Every line in the data below from the one containing "Your response must" down to the one containing "Provide a succinct answer. No.", both included, must be retyped exactly; no other line is to appear.

[Excerpts from a dataset]
####################
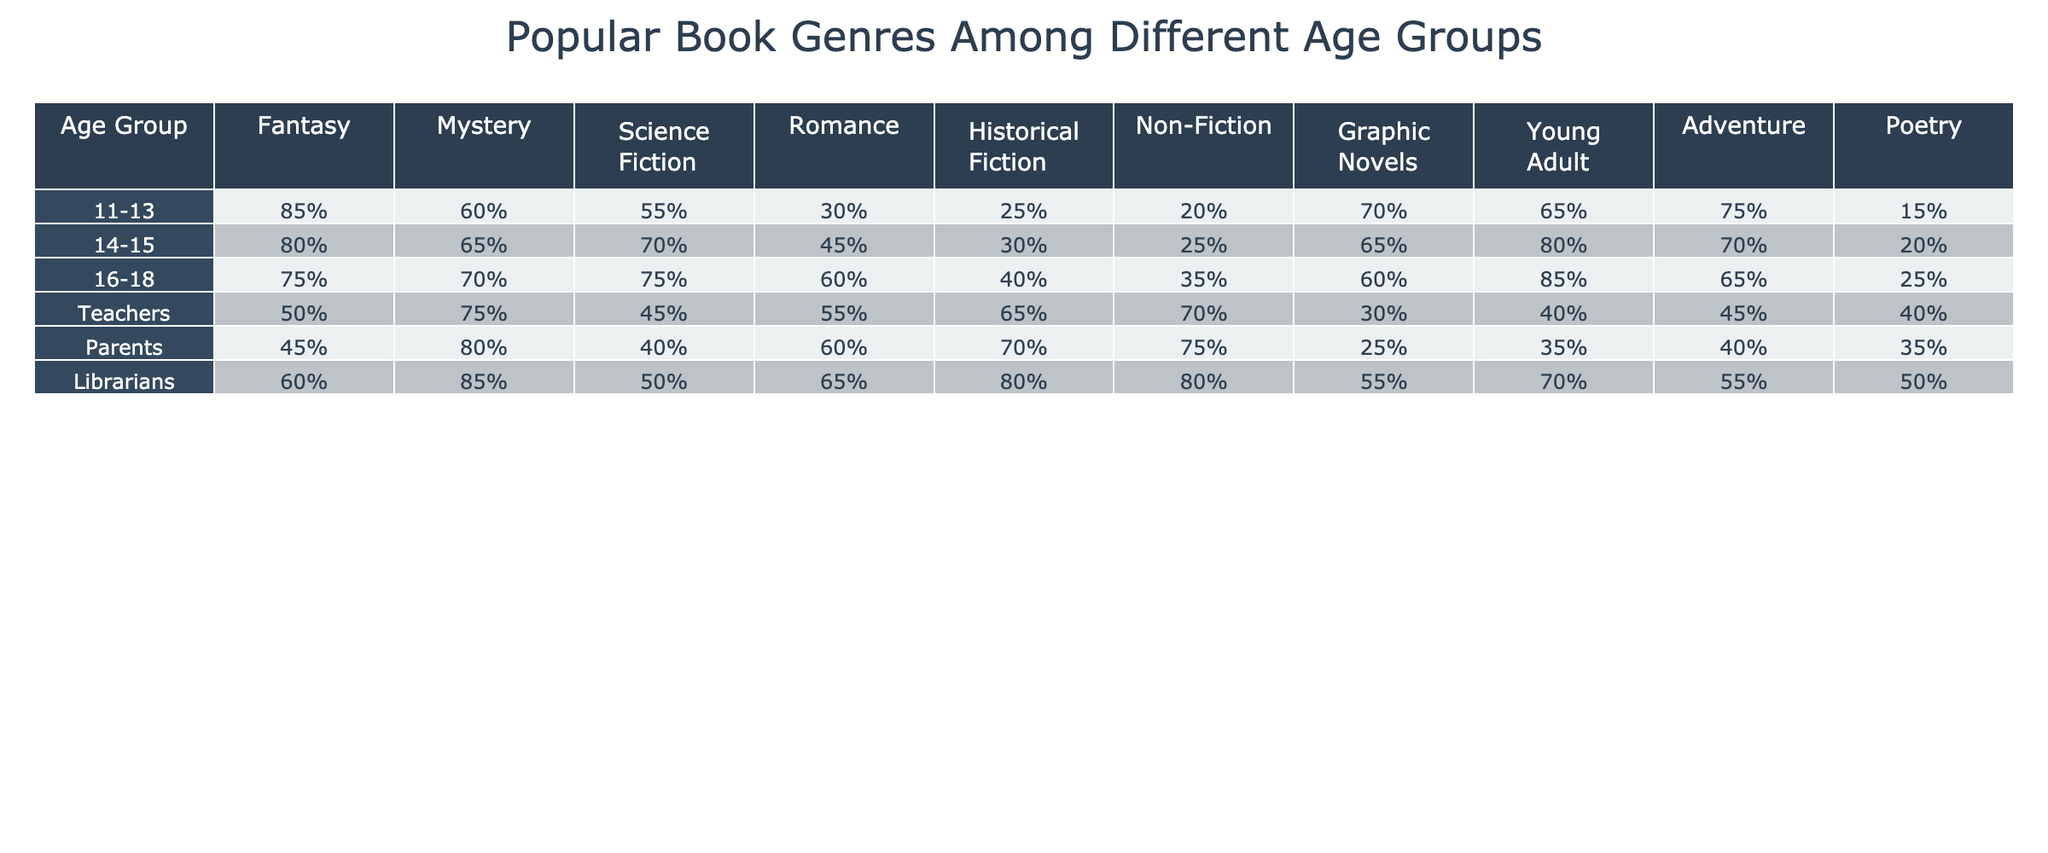What age group has the highest preference for Fantasy books? In the table, the highest percentage for Fantasy books is found in the 11-13 age group at 85%.
Answer: 11-13 Which age group shows the least interest in Poetry? The table shows that the 11-13 age group has the lowest interest in Poetry at 15%.
Answer: 11-13 What is the percentage of parents who prefer Mystery books? From the table, parents have a preference of 80% for Mystery books.
Answer: 80% What is the average percentage of Graphic Novels preferred by the 14-15 and 16-18 age groups? The preferences for the 14-15 age group is 65% and for the 16-18 age group is 60%. The average is calculated as (65 + 60) / 2 = 62.5%.
Answer: 62.5% Are Librarians more interested in Romance books than Teachers? The table shows Librarians have a preference of 65% for Romance, while Teachers have a preference of 55%, thus the statement is true.
Answer: Yes What is the difference in the percentage of Science Fiction preference between the 14-15 and the 16-18 age groups? The 14-15 age group prefers Science Fiction at 70%, and the 16-18 age group at 75%. The difference is 75 - 70 = 5%.
Answer: 5% Which age group has the highest percentage for Young Adult books? The table indicates that the 16-18 age group has the highest preference for Young Adult books at 85%.
Answer: 16-18 How many genres do parents prefer at 60% or more? Parents have preferences of 80% for Mystery, 60% for Romance, and 70% for Historical Fiction, totaling 3 genres that meet this criteria.
Answer: 3 What percentage of Non-Fiction do younger teenagers (11-15) prefer on average? The average percentage for Non-Fiction in the 11-13 age group is 20% and 14-15 age group is 25%, so (20 + 25) / 2 = 22.5%.
Answer: 22.5% Is the percentage preference for Adventure books higher in the 14-15 age group compared to the 11-13 age group? The Adventure preference for 14-15 age group is 70%, while for 11-13 age group it is 75%. This means it is not higher; hence the statement is false.
Answer: No 
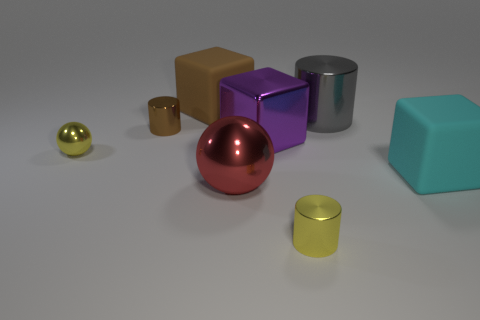What number of rubber things are there?
Your answer should be very brief. 2. Are the small cylinder that is to the right of the red metal sphere and the block behind the purple block made of the same material?
Ensure brevity in your answer.  No. The cube that is the same material as the large brown object is what size?
Provide a succinct answer. Large. The large rubber object that is to the right of the large brown thing has what shape?
Your response must be concise. Cube. There is a small metallic cylinder that is in front of the small yellow ball; is it the same color as the ball to the left of the big red sphere?
Provide a succinct answer. Yes. Is there a large purple rubber block?
Provide a succinct answer. No. There is a yellow metal thing that is to the left of the matte thing left of the cube that is in front of the large purple block; what is its shape?
Provide a succinct answer. Sphere. What number of metallic cylinders are in front of the big cyan cube?
Offer a terse response. 1. Is the material of the yellow object that is behind the big red metal thing the same as the purple block?
Your answer should be very brief. Yes. How many other things are there of the same shape as the big purple metal thing?
Make the answer very short. 2.
####################
### OUTPUT OF THE TASK
Your response must be concise. Cube. There is a small metallic cylinder that is in front of the small yellow ball; is it the same color as the ball to the left of the big red sphere?
Provide a succinct answer. Yes. Is there a large purple rubber block?
Provide a succinct answer. No. There is a yellow metal thing that is to the left of the matte thing left of the cube that is in front of the large purple block; what is its shape?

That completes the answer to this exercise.